There on the road in a puddle of steaming, bright red blood was a bear cub, one leg twisted brutally askew. Blood pulsed from an open gash behind the bear’s left ear.
n the dark car, Joyce came to and leaned back. She immediately put her hands to her face. Her fractured nose, bent to one side, felt so wrong to her fingers, and the tenderness of her cheekbones confirmed that her eyes would be rimmed with black bruises for weeks to come. She pulled down the visor and gasped at what she saw in the mirror. Then her eyes refocused on Edward in the headlights staring down at the road.
From the woods beyond the passenger side of the car, Edward heard a low snuffling. He looked up and noticed a tree branch moving.
Joyce opened her door.
“Stay in the car!” Edward whispered.
“Don’t you tell me what to do. You bastard! Look what you did to my face!” Joyce swung her foot out of the car, but found she was too shaky to stand up.
Edward limped back to the driver’s door. Leaning into the car, he
pulled a handgun out of the door’s map pocket.
Joyce looked in astonishment. “What are you doing with a gun?”
Edward stared hard at her for a moment. Then he looked down at the gun, checked the chambers and released the safety. He hobbled back to the front of the car and the whimpering cub. When he heard another, louder, growl, Edward thought he saw a shape moving closer in the trees. Taking aim, Edward sighted directly between the bear cub’s moist brown eyes.

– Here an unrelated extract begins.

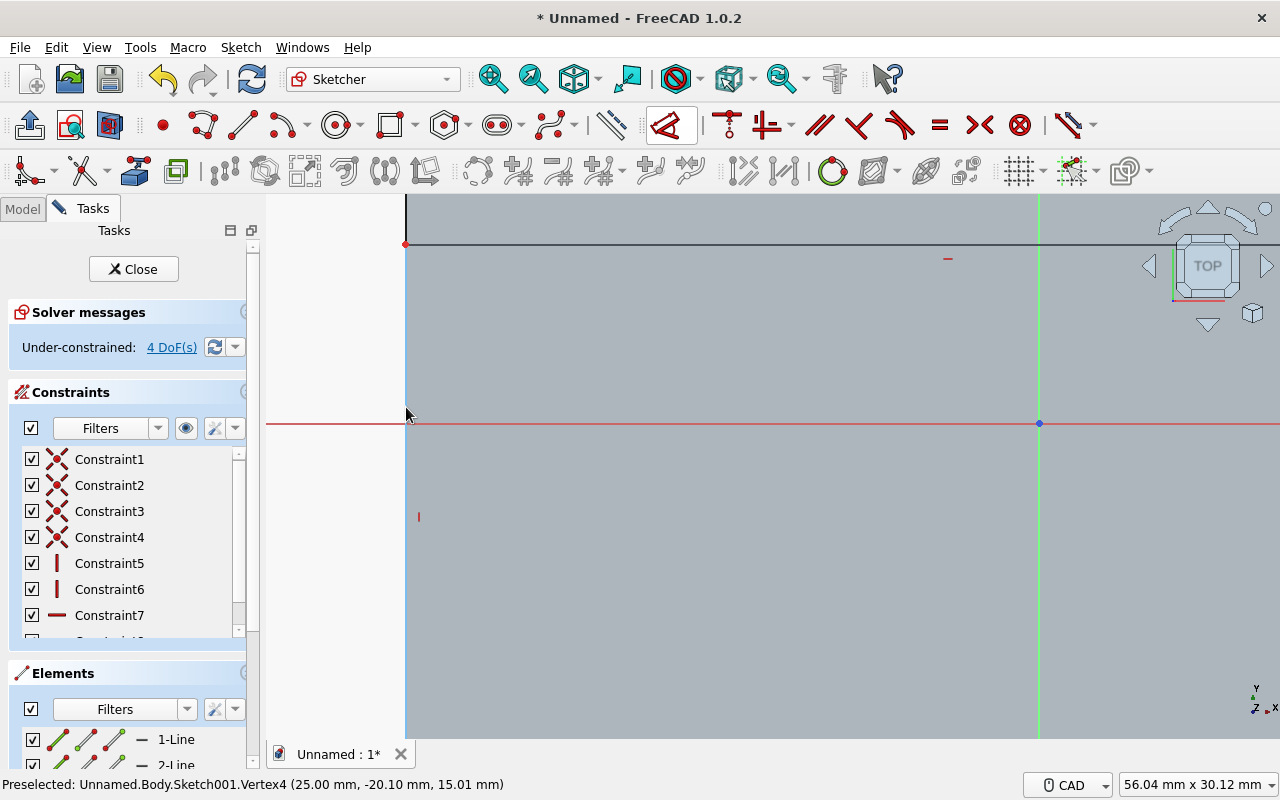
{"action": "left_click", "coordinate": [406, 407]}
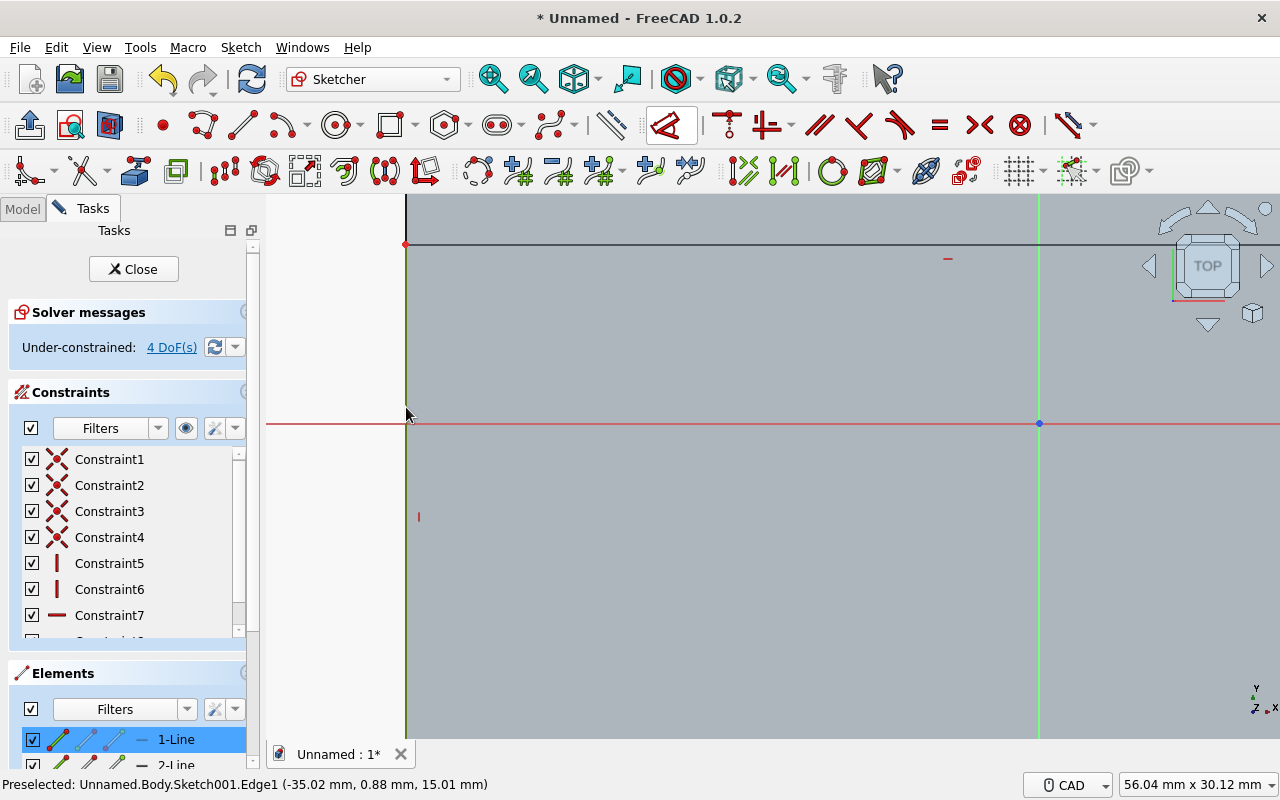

Only then did he realize he was crying, too.
Above the pain, Joyce’s rage toward Edward gave her the strength to pull herself onto her feet. Steadying against the open door, she turned toward the sound of a snapping twig behind her.
At the same instant Edward pulled the trigger, the sow bear, standing on her hind legs, swung her massive paw, catching Joyce’s lower jaw and ripping her face from her skull. Joyce’s scream rang unheard beneath the ricocheting echo of the gun. Her body crumpled next to the car.
Edward dropped the gun to his side, staring at the dead bear. The sow ambled into the headlight’s beam her lips curled back, sniffing. She put her nose into the bloody fur of her cub and pushed against its body with her paw. Then she looked up at Edward. Edward looked back. She growled softly and pushed again on the cub. After another moment of staring at Edward, the sow blinked, twitched her head and backed out of the light. Edward continued to stand motionless while the rustling sound of the bear’s retreat died away.
A gurgling moan startled Edward and he looked up. Only then did he notice that Joyce was no longer in the passenger seat. Leaning on the hood, Edward stepped carefully over the dead cub and limped through the light, around to the dark side of the car.
For a long time after the second shot, the forest was very, very quiet.